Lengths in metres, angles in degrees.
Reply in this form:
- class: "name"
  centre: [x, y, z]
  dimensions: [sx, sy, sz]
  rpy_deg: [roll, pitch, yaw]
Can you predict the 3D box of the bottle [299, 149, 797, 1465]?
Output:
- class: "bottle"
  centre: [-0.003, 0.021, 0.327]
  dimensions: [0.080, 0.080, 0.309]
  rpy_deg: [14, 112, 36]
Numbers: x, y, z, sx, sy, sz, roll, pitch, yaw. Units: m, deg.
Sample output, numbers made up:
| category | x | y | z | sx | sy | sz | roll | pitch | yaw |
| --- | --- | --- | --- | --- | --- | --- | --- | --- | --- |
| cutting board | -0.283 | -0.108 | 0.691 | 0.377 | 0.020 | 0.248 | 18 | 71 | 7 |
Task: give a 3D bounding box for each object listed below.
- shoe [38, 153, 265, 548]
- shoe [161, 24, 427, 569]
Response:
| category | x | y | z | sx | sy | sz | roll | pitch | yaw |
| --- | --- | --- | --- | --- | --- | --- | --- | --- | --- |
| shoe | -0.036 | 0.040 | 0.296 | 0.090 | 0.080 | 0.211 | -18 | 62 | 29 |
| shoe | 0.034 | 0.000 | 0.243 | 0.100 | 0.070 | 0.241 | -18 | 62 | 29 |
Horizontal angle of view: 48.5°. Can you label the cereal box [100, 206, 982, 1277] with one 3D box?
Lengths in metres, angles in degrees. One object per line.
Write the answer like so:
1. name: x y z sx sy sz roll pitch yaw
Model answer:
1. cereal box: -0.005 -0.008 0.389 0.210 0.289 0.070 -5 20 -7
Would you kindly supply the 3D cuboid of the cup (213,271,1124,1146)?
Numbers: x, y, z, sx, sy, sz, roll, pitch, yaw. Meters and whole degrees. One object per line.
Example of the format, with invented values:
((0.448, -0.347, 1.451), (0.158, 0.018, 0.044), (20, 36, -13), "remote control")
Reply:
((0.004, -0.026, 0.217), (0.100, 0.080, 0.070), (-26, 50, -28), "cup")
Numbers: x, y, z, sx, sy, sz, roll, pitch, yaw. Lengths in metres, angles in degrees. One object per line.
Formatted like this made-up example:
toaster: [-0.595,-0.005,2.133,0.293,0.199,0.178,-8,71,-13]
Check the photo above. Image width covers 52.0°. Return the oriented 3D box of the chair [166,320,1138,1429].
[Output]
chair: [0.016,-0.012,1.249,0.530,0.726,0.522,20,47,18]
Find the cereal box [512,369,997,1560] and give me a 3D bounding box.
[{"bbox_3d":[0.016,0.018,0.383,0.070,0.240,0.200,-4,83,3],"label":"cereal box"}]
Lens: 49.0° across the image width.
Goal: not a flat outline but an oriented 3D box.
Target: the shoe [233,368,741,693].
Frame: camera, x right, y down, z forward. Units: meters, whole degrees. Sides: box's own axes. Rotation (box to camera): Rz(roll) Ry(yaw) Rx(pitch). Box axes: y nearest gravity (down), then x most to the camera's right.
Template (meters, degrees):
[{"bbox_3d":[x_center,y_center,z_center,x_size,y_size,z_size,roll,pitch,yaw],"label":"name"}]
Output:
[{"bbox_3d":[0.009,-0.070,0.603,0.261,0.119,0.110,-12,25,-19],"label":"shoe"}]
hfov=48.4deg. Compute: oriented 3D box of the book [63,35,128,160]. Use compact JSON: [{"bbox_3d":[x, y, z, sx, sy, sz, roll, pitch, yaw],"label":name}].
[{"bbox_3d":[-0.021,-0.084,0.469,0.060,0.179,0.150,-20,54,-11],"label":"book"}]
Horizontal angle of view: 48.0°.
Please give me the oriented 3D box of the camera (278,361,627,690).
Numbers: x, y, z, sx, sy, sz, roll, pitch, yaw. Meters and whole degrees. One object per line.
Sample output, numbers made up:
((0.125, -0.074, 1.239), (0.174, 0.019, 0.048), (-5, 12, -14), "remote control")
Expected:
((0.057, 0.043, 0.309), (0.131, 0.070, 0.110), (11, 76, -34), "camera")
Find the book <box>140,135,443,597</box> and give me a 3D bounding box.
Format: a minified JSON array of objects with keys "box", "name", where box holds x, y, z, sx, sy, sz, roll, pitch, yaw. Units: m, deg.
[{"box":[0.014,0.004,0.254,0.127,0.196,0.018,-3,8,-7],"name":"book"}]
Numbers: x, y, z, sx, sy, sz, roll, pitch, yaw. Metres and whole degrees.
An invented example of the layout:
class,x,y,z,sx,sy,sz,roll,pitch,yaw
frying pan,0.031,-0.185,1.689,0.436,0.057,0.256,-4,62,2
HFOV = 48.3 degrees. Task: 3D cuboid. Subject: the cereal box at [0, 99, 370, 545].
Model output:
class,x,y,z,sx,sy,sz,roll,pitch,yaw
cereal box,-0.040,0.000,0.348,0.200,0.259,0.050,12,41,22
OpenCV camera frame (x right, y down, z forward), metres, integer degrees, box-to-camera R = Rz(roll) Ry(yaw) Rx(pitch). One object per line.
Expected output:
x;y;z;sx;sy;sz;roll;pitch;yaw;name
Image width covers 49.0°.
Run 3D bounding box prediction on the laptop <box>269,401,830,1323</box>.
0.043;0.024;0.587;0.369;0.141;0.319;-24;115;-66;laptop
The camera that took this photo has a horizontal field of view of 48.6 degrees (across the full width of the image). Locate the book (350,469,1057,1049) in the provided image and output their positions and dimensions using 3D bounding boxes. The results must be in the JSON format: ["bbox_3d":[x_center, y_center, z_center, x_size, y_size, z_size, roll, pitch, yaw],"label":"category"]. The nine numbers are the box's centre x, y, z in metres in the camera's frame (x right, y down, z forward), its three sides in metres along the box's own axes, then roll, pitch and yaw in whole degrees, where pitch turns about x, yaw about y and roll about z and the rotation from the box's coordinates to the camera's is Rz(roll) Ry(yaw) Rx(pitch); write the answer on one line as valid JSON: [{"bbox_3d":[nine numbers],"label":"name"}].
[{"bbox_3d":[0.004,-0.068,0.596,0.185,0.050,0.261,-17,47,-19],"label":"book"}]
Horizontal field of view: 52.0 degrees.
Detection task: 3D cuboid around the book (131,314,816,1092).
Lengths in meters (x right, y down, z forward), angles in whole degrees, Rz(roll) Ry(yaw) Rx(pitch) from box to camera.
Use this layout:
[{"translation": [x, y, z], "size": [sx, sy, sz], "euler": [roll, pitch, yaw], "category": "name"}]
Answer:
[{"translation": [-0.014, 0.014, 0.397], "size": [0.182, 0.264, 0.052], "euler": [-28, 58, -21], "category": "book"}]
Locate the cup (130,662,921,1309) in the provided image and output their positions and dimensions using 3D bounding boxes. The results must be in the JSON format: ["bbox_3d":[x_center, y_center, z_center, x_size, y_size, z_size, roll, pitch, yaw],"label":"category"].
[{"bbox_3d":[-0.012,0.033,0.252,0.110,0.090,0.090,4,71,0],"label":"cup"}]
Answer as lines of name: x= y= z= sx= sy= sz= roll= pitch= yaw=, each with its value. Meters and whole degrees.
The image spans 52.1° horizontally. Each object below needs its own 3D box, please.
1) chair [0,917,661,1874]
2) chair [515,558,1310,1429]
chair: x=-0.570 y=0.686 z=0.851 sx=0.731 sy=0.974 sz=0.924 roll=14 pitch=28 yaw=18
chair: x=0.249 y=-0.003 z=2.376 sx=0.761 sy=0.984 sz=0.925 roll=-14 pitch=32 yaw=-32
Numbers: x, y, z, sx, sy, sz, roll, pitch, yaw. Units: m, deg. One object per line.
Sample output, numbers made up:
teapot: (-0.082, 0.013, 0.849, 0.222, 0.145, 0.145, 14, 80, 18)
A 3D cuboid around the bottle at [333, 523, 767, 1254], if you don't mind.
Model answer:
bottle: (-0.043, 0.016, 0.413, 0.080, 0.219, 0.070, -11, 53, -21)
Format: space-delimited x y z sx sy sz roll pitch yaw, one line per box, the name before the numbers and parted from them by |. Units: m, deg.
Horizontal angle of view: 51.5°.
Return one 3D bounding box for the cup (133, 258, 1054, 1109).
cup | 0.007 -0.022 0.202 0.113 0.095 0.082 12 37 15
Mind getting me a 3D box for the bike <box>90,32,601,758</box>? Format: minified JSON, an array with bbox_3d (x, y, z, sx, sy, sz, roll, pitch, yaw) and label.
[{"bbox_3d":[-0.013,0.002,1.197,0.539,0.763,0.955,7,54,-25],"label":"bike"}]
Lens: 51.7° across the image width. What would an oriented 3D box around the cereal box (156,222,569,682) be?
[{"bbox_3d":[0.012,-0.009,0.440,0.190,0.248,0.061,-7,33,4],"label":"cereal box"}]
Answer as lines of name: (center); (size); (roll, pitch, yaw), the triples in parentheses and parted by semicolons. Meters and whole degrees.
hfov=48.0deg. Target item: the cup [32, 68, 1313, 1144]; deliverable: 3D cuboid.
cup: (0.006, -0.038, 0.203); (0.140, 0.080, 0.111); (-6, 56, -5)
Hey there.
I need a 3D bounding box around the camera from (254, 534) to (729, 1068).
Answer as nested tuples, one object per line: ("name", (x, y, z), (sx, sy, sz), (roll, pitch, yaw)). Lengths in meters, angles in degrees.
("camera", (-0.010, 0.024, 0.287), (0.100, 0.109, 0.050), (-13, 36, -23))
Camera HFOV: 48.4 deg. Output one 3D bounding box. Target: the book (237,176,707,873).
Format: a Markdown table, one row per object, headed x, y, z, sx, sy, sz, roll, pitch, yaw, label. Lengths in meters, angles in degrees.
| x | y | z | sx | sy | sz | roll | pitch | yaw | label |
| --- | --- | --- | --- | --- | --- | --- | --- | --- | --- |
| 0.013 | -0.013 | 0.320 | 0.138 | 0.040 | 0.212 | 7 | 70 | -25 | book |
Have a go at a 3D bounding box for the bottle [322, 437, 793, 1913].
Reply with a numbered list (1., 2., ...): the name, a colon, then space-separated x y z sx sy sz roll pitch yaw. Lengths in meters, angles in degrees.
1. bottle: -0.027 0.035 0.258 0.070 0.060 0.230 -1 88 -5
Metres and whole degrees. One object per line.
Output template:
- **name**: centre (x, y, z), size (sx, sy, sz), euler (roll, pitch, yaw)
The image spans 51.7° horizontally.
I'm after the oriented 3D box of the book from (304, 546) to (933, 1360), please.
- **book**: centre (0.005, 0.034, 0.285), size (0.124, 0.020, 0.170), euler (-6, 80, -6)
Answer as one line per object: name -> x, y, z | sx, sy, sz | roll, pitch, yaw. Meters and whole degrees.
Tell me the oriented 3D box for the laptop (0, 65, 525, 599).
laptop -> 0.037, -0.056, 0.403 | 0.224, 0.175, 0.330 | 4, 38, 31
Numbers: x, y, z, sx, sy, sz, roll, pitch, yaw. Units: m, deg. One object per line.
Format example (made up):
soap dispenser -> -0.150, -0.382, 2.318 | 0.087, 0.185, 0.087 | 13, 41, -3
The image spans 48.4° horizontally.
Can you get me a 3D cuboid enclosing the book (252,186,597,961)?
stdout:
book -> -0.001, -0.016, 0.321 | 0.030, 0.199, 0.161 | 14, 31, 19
• • •
▶ REQUIRED ACTION:
Pick out all lines from the data above in which the word "layout" appears.

▶ RESULT BELOW:
An invented example of the layout:
Use this layout:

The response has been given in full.